One may question the originality of our work and consider it a mere replication of `nomicBERT`. To clarify, our work is parallel but stems from the same idea as `nomicBERT`.

Applying RoPE and GLU to BERT to support longer texts is a straightforward idea. Our exploration of the transformer++ encoder (i.e., BERT + RoPE + GLU) began in August 2023.
And by November 2023, we had completed the `gte-base-en-v1.1`. Then, I went on to prepare for the ACL submission of the other project...

The release of `nomic-embed` [^4] brought to our attention the pressure, as well as provided us with more resources, which allowed us to continue with this project.
Without the outstanding work of `nomicai`, the release of `gte-v1.5` could have been delayed much longer. Thanks!

</details>

---

## Citation
```
@misc{zhang2024mgte,
  title={mGTE: Generalized Long-Context Text Representation and Reranking Models for Multilingual Text Retrieval}, 
  author={Xin Zhang and Yanzhao Zhang and Dingkun Long and Wen Xie and Ziqi Dai and Jialong Tang and Huan Lin and Baosong Yang and Pengjun Xie and Fei Huang and Meishan Zhang and Wenjie Li and Min Zhang},
  year={2024},
  eprint={2407.19669},
  archivePrefix={arXiv},
  primaryClass={cs.CL},
  url={https://arxiv.org/abs/2407.19669}, 
}
```


[^1]: Su, Jianlin, Murtadha Ahmed, Yu Lu, Shengfeng Pan, Wen Bo, and Yunfeng Liu. "Roformer: Enhanced transformer with rotary position embedding." Neurocomputing 568 (2024): 127063.

[^2]: Shazeer, Noam. "Glu variants improve transformer." arXiv preprint arXiv:2002.05202 (2020).

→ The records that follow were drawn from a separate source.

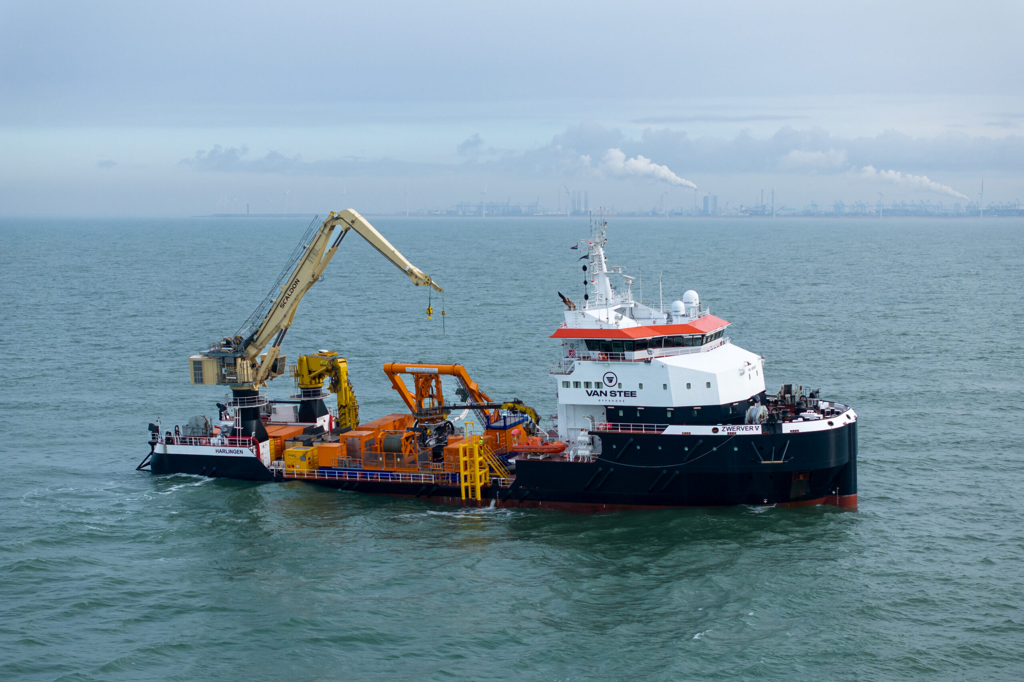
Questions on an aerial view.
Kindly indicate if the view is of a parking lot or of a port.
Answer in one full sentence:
It's a port.
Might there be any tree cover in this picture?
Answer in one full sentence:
No, tree cover can't be seen anywhere here.
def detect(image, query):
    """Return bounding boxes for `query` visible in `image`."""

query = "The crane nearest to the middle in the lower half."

[443,397,543,440]
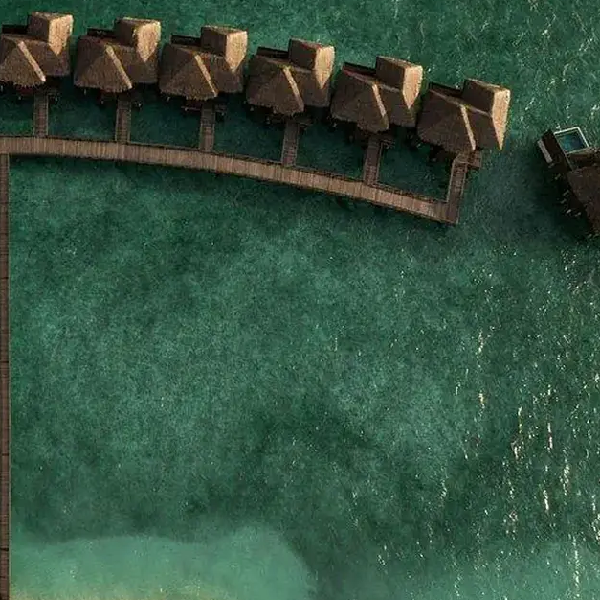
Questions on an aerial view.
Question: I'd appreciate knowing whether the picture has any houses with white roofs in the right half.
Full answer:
No, the scene shows no house with a white roof in the right half.
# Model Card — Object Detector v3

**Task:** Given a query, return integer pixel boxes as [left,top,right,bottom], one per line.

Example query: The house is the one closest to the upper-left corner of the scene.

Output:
[0,12,73,110]
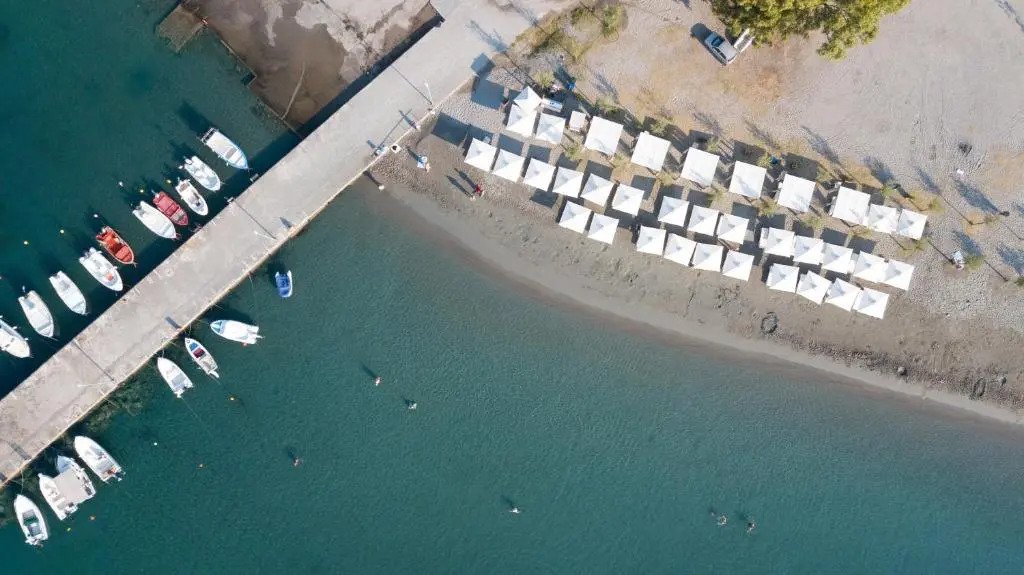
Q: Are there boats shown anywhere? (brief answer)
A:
Yes
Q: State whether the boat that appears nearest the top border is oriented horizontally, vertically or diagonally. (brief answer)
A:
diagonally
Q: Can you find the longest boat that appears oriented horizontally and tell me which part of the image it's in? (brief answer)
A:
left
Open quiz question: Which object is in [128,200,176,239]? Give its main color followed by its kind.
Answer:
white boat
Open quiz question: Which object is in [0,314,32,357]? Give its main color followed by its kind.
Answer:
white boat
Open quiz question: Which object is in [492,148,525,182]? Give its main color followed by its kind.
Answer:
white umbrella
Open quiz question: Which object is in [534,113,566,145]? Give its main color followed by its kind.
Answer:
white umbrella
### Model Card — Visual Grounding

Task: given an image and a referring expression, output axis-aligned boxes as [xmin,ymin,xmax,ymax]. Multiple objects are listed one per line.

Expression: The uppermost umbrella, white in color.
[512,85,542,111]
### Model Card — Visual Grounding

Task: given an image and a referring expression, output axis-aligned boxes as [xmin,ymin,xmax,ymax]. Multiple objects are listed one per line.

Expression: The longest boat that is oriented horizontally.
[209,319,263,345]
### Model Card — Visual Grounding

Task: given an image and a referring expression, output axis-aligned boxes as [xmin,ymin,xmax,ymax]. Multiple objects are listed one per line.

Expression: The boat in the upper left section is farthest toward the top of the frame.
[194,124,248,169]
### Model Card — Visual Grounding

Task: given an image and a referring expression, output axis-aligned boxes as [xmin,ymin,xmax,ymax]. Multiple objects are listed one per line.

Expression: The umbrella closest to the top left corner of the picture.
[464,138,498,172]
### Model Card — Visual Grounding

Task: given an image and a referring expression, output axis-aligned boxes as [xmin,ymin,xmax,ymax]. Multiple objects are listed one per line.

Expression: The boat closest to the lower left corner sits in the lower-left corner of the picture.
[13,497,47,550]
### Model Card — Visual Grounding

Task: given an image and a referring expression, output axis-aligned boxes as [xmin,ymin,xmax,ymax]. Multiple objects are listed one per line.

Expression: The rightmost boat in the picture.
[275,270,293,297]
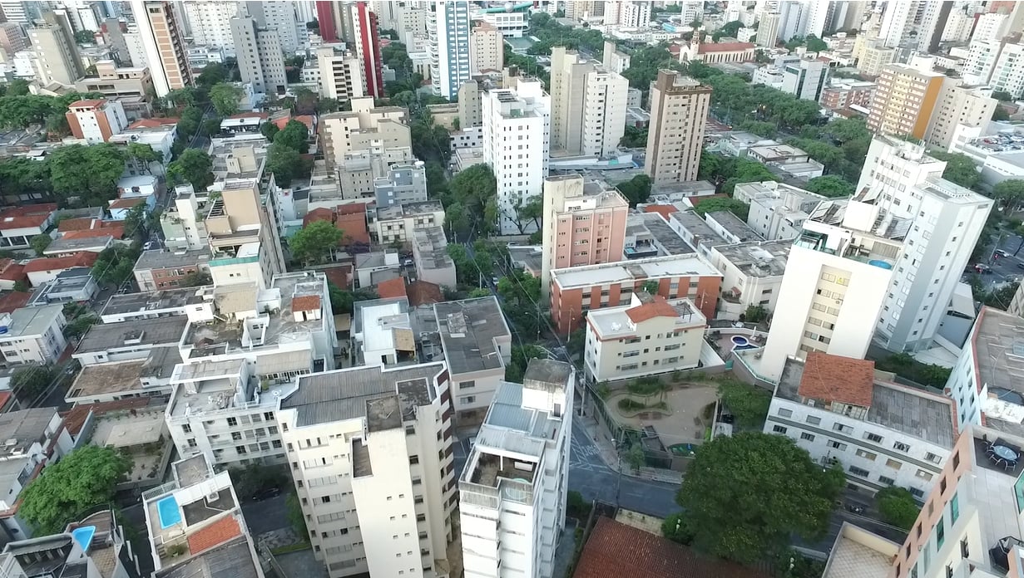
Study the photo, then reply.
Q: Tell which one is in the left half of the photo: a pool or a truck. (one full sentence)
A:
There is a pool in the left half of the photo.
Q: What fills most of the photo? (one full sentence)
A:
The largest share of the image is taken up by buildings.
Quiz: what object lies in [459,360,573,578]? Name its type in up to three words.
building
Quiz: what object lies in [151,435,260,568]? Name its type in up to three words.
house
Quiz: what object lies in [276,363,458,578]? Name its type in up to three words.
building
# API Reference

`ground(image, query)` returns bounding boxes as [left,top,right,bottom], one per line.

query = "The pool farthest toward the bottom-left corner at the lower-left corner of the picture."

[71,524,97,550]
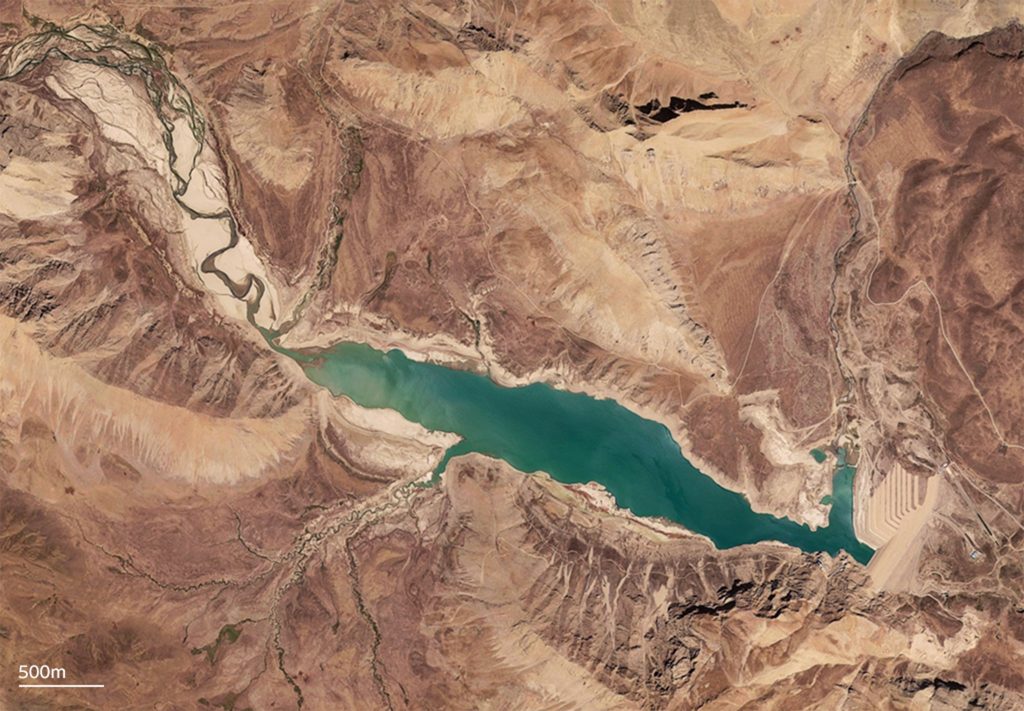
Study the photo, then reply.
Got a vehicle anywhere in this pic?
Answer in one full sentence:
No, the photo shows no vehicle.
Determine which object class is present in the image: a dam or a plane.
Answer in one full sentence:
Looking from above, you can make out a dam.
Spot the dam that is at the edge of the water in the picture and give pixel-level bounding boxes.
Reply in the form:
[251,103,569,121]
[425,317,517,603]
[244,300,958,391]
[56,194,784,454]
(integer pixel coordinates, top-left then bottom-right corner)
[865,467,944,592]
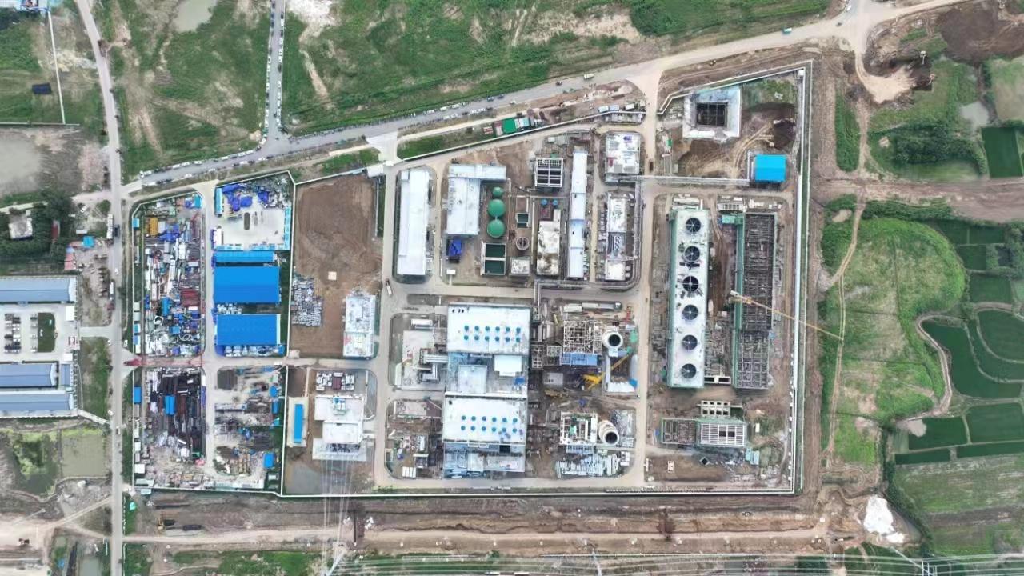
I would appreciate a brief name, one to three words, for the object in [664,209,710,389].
cooling tower
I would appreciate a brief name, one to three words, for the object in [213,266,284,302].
shed
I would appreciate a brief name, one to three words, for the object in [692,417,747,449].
building
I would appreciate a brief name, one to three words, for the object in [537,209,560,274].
building
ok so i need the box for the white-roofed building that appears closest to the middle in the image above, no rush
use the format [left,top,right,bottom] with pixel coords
[511,258,530,274]
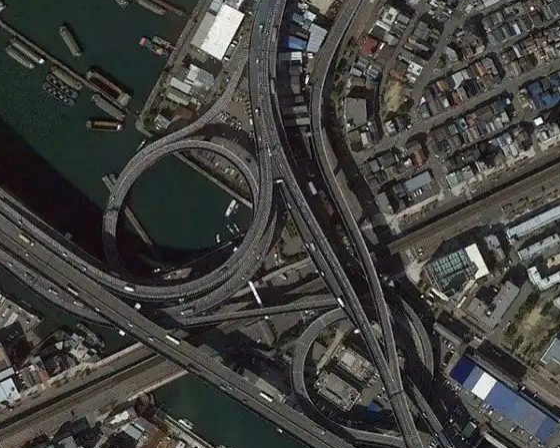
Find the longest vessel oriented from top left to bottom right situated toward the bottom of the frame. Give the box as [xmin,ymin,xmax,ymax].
[75,319,103,349]
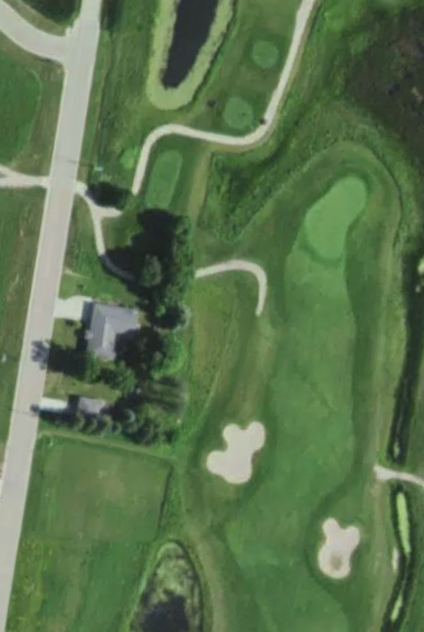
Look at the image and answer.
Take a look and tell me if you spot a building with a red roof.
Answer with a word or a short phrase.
No
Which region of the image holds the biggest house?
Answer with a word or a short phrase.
left
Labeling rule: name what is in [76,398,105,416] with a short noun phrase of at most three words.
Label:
building
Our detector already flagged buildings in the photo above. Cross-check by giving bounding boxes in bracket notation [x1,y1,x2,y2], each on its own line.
[85,299,144,360]
[76,398,105,416]
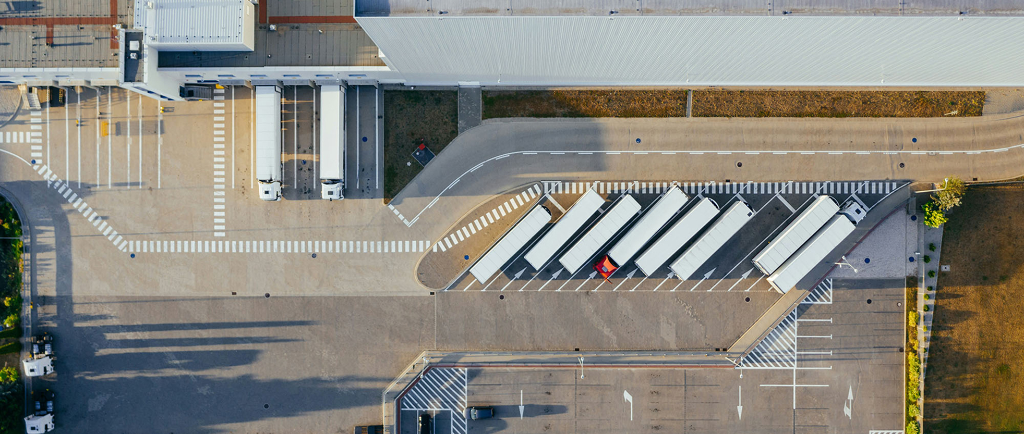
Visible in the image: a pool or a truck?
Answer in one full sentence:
It is a truck that can be seen here.
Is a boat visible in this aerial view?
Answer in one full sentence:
No, no boat is visible in the scene.
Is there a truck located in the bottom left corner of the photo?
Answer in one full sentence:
Yes, you'll find a truck in the bottom left corner of the photo.
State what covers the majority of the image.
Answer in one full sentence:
Most of the picture is covered by paved ground.
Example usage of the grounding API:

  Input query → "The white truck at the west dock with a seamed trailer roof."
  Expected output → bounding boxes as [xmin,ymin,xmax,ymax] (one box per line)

[256,85,284,201]
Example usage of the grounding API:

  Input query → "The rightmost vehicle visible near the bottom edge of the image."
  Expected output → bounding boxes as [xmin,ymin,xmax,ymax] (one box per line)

[463,405,494,421]
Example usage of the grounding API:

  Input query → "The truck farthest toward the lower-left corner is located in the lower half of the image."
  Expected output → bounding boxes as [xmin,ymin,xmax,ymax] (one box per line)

[23,390,57,434]
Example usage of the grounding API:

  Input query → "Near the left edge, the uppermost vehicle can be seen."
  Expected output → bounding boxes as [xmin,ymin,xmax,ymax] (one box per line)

[21,333,56,377]
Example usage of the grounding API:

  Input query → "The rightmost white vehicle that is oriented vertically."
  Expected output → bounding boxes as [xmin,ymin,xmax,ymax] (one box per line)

[321,85,346,201]
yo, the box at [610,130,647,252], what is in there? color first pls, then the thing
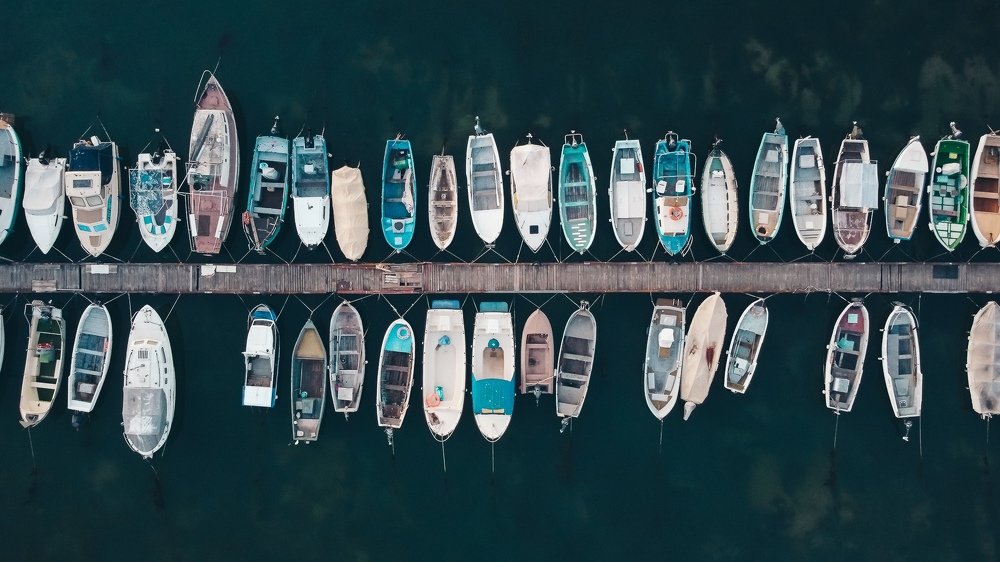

[^3]: Portes, Jacob, Alexander Trott, Sam Havens, Daniel King, Abhinav Venigalla, Moin Nadeem, Nikhil Sardana, Daya Khudia, and Jonathan Frankle. "MosaicBERT: A Bidirectional Encoder Optimized for Fast Pretraining." Advances in Neural Information Processing Systems 36 (2024).

[^4]: Nussbaum, Zach, John X. Morris, Brandon Duderstadt, and Andriy Mulyar. "Nomic Embed: Training a Reproducible Long Context Text Embedder." arXiv preprint arXiv:2402.01613 (2024).